→ **What you are asked to do**: Search the material for the string "from", then show every line where it turns up.

→ **Input material**:
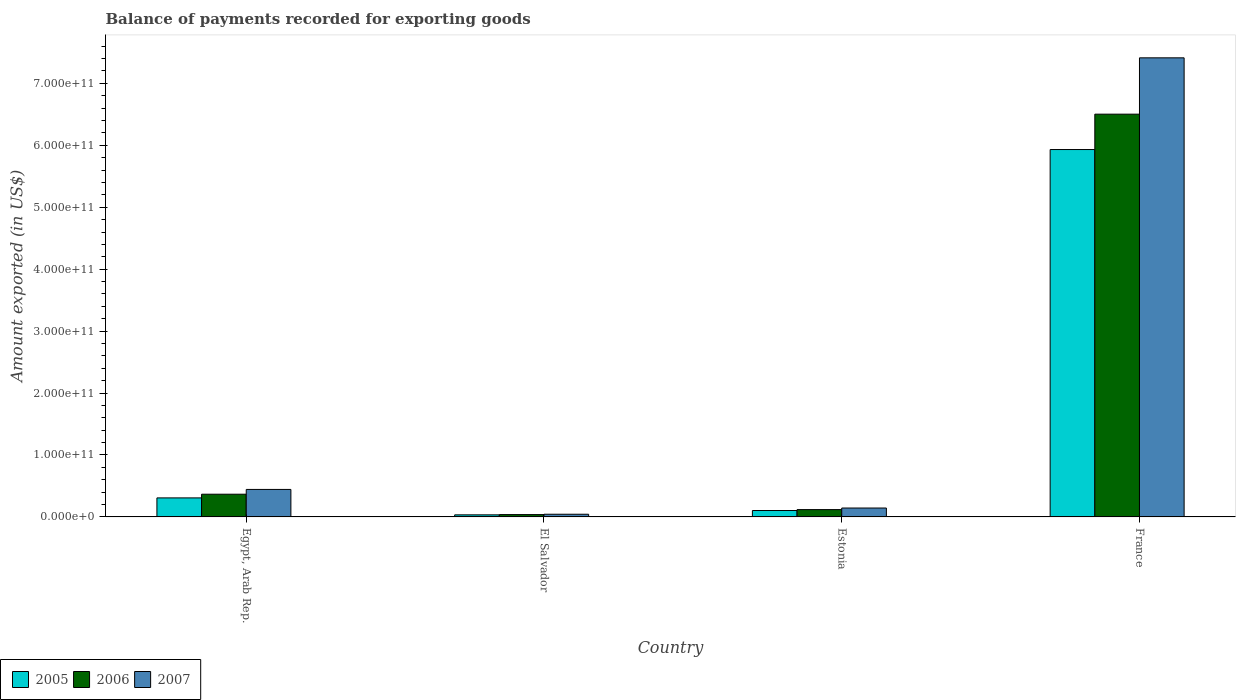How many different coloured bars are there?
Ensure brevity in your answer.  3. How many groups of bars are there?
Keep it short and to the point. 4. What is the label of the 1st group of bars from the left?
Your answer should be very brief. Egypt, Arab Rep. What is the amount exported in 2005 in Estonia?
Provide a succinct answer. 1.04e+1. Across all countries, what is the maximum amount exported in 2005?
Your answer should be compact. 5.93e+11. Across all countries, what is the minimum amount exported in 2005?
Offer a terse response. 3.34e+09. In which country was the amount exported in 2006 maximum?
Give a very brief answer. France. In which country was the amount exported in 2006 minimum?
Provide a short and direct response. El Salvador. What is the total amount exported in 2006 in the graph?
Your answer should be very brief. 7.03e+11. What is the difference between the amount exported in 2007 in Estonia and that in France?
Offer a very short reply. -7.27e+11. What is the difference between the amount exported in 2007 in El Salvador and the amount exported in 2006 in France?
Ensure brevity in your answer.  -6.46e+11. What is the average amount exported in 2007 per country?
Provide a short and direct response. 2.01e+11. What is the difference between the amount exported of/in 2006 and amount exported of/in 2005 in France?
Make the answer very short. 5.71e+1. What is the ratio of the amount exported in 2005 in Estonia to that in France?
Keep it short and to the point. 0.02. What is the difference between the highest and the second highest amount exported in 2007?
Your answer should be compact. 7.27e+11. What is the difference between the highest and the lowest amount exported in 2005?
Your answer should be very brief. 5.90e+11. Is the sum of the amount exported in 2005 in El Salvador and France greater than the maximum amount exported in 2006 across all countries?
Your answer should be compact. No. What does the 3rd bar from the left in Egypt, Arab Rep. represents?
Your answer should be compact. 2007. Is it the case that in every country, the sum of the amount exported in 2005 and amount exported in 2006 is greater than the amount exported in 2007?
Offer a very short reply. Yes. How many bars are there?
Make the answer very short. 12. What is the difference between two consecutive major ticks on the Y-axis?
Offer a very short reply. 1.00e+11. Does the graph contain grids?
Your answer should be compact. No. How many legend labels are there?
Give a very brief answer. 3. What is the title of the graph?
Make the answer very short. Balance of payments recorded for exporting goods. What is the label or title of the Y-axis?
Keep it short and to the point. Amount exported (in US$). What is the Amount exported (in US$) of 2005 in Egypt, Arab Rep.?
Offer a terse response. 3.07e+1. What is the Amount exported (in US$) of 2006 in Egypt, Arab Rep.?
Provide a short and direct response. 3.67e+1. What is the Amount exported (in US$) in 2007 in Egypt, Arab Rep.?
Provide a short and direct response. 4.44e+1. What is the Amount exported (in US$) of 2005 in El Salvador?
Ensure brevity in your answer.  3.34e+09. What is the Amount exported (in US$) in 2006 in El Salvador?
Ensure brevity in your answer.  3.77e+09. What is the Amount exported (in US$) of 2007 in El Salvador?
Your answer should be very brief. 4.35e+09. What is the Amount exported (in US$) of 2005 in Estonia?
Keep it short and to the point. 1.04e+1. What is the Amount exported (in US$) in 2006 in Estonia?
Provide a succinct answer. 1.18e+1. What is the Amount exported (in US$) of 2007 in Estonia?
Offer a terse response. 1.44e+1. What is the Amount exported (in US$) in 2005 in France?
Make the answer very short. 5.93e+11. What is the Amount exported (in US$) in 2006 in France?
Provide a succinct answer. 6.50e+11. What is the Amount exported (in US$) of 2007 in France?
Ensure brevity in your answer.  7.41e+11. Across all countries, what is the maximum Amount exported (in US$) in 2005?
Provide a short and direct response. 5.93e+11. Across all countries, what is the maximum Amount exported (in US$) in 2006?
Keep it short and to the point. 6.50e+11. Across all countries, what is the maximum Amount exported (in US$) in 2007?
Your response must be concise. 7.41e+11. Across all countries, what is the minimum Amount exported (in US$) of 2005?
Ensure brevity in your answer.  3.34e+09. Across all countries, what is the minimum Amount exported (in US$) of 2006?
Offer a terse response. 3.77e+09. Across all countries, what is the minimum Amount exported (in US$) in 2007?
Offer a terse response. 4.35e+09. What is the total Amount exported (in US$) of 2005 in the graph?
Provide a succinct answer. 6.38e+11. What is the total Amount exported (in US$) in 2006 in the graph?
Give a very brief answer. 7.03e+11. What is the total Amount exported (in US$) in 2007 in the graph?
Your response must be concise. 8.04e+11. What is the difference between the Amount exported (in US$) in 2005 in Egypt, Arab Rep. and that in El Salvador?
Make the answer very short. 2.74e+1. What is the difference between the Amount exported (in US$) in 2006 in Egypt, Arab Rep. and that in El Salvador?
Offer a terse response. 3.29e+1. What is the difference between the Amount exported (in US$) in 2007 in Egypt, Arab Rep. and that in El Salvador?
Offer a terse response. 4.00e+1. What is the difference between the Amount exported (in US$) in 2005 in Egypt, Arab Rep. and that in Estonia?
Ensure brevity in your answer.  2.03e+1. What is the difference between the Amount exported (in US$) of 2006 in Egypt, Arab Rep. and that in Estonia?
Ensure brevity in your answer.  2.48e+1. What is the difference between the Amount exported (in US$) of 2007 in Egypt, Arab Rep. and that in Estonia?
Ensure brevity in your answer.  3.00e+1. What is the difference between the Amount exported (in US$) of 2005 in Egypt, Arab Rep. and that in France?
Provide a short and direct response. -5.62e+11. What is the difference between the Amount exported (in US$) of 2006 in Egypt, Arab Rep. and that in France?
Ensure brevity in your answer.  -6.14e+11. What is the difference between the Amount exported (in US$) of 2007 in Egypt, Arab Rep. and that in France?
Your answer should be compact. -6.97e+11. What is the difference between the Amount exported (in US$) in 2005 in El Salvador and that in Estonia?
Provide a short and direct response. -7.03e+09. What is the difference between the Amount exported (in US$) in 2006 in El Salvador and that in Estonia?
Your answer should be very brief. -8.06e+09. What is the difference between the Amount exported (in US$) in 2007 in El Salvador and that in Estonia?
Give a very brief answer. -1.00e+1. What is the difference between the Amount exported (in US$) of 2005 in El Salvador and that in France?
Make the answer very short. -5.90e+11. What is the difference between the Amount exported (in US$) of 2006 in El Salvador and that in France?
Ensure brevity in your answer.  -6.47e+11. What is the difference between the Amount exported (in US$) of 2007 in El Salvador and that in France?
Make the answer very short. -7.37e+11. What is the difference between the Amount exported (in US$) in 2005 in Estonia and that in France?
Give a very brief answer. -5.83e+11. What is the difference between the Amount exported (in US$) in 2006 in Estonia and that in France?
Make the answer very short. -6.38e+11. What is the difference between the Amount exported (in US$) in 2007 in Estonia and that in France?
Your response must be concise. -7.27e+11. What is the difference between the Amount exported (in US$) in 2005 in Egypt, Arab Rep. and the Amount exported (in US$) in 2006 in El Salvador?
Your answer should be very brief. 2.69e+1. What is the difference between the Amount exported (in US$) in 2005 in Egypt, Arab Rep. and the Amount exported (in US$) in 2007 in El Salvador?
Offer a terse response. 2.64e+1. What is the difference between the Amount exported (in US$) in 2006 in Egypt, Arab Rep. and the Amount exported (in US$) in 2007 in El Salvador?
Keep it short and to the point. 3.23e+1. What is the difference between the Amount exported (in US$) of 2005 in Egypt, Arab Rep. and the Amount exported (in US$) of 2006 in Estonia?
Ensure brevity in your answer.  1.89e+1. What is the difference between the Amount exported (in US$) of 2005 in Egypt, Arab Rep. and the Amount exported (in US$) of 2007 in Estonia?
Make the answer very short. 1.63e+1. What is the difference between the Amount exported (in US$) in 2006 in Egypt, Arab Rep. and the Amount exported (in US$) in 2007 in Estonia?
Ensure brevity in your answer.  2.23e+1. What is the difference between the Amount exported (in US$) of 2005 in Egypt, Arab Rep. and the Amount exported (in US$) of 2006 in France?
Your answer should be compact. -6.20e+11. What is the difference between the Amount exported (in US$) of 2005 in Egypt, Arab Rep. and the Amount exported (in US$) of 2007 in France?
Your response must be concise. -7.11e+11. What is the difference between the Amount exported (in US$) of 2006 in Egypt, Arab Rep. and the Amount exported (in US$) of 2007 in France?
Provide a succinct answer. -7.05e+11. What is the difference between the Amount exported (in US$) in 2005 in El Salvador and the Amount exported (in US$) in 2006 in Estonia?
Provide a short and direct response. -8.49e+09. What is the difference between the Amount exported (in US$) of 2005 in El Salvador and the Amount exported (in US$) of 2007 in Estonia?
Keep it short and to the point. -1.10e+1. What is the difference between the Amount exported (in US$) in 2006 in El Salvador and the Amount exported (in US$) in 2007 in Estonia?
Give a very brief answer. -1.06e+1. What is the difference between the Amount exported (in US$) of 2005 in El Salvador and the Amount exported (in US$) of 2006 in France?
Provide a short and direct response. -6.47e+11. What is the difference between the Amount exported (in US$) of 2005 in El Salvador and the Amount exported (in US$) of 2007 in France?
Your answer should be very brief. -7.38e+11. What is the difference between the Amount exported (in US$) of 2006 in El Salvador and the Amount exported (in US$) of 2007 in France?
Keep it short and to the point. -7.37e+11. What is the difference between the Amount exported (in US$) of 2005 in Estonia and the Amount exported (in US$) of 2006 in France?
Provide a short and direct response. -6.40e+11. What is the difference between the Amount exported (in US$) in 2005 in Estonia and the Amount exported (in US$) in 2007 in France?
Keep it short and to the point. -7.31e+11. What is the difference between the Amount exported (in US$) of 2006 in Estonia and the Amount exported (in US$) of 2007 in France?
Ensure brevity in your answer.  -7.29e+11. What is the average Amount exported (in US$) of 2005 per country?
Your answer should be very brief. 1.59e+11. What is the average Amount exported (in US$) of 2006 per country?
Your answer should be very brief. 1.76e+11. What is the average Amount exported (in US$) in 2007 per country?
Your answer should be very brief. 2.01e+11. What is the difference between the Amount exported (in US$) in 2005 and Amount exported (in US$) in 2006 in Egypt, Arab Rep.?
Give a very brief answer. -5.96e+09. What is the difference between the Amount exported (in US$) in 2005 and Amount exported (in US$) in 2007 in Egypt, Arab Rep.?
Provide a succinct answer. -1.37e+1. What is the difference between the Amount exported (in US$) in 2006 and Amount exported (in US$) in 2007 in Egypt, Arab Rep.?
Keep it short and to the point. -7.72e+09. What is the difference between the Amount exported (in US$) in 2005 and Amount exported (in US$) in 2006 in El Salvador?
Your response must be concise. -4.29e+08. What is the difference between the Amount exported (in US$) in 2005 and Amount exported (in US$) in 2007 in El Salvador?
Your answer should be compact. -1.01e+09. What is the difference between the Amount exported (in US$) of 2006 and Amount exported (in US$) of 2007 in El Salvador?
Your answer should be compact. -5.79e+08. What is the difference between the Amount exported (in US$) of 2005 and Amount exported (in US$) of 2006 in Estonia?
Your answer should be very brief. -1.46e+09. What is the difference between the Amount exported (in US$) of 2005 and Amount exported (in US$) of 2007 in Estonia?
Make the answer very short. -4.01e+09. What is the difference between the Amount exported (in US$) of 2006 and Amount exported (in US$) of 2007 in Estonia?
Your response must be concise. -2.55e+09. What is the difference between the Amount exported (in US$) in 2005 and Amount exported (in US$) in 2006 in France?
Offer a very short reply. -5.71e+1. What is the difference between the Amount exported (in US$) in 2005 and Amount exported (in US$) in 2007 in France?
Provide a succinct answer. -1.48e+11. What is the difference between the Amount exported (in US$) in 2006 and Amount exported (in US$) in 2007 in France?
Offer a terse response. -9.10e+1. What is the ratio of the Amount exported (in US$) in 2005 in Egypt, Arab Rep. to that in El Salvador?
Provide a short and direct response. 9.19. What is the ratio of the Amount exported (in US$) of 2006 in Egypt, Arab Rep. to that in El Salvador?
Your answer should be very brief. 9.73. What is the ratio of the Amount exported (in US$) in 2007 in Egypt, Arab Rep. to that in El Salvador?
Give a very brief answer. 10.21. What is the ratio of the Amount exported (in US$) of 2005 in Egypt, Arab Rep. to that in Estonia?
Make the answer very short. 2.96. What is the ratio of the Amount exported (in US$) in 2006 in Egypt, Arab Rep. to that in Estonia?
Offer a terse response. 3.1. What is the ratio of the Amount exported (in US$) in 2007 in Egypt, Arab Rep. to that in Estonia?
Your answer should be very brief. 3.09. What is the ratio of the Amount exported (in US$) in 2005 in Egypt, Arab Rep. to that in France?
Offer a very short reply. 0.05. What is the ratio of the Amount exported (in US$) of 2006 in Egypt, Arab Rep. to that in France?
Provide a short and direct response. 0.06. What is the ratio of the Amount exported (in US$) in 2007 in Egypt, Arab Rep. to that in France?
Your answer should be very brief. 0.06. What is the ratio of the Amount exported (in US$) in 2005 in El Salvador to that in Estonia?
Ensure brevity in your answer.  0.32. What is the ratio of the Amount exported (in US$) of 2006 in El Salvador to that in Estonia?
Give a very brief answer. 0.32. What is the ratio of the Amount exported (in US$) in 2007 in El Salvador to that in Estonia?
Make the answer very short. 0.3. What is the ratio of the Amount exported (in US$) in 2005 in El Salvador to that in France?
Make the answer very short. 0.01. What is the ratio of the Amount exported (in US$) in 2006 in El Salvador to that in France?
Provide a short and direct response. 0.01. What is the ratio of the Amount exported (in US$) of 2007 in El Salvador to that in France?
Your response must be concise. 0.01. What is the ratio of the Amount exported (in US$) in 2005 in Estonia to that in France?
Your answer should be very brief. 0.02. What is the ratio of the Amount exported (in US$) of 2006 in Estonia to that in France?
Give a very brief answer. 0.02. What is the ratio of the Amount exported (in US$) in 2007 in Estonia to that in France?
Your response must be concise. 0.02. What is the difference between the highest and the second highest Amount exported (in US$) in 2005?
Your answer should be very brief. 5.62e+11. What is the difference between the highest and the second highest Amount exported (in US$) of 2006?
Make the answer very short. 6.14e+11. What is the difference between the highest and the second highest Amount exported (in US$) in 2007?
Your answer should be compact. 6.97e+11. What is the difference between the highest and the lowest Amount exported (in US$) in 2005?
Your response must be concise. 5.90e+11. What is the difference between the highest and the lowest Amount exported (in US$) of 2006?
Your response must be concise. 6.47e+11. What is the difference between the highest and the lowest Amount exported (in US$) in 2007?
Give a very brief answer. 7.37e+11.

→ **Response**:
Keep it short and to the point. 4. What is the label of the 1st group of bars from the left?
Your answer should be compact. No. What does the 3rd bar from the left in Egypt, Arab Rep. represents?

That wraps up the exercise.